What is your feeling in front of an awe-inspiring photograph (with really good composition, light, color, depth of field, etc.) but with unsatisfactory technical qualities (for example: JPEG artefacts, lack of sharpness, banding, noise, etc.)?
It's all about the reaction.
Nothing else matters.
Every photo tells a story. The story is more important than the technical quality of the photo. If the story is strong enough to move people, the photo is a keeper, regardless of its technical imperfections.
And a technically perfect photo can be comletely devoid of any emotion.
A powerfully evocative, techincally perfect photo, is when you have captured magic.
By definition, an awe-inspiring image makes me feel awed. If I felt something else, it would be that else-inspiring.
If the quality issue is not part of artistic expression, the image just has to be that much stronger to evoke the feeling.
For my 30th birthday, my father gave me a photo of us together when he was the same age. It was an awesome gift. Was it ruined by the photographer's shadow? Nah, I never noticed it until several days later.
I'm going to tackle this from a different art, because I think it's not a question that only lives in the world of Photography...

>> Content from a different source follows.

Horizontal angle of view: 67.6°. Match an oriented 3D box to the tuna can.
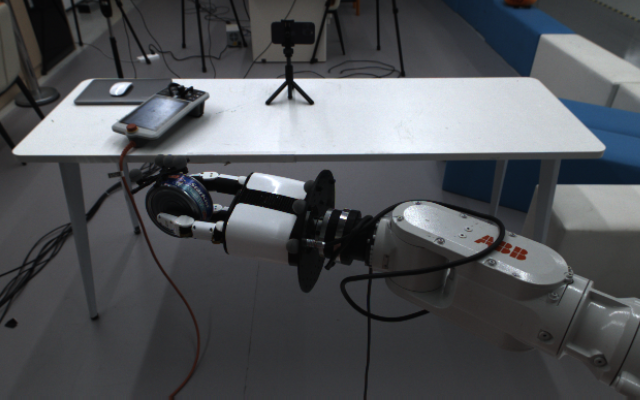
[{"bbox_3d":[-0.187,0.015,0.650,0.085,0.085,0.034,11,34,13],"label":"tuna can"}]

What is technically perfect? I'm a huge fan of the band Rush, one that is often seen as a technically perfect rock band and yet they have never managed to hit that critical mass that sends them to international super-stardom. They have a huge following, around the world, but they polarize people with love or hate. So, one could argue that they do not inspire awe, at least not enough to live amongst the giants.
On the other hand, a band like the Beatles was not technically perfect. They were very, very, good, but I can find better drummers (my first paragraph contains a prime example!), better guitarists (can you say Clapton?), and so on. What did they have though? They had the art of music sewn up like nobody else. They could just take you places that nobody else could and it wasn't because of how well they played their instruments, but because of how they put ideas and concepts together. That makes them timeless, despite the fact that there has been better at the technical aspects of music since.
The message there, I suppose, is that artistic, awe inspiring, images are what they are. You will, I think, know them when you see them and the technical aspects of them will really be meaningless.
Some recent news photos are coming from cell phone cameras. If they tell a compelling story or bring something important to light (no pun intended), then they're "good" or even "excellent" even though their technical quality may be quite questionable.
I had a very similar conversation with another photographer along these lines:
"X, y, z is wrong in that photo"
"Right, but they don't effect it, and ignoring the rule of thirds worked better"
"You need to follow these things, if you had it'd be better"
"Okay, fair enough, but y is wrong because I purposely wanted to get it"
"Yeah but if you'd done that you'd get a more perfect picture and if you'd changed your aperture to x..."
The technical aspects of photography are great, and the science behind it is fantastic, but anyone who says that you've created an image that's technically not perfect forgets one of the biggest aspects of the art. That it's an art.
There's fantastically technical photographers out there but the images are often soulless and leave me cold, I respect the level of skill but there's nothing exciting. Some of my favourite photographs are almost technically perfect, but the imperfection makes it feel more real, more human.
If you see a photograph and you like it and you keep looking into it, there's something that has grabbed you attention and is keeping you fixed to it.
In simple words, if you like something you see at first glance, it's good.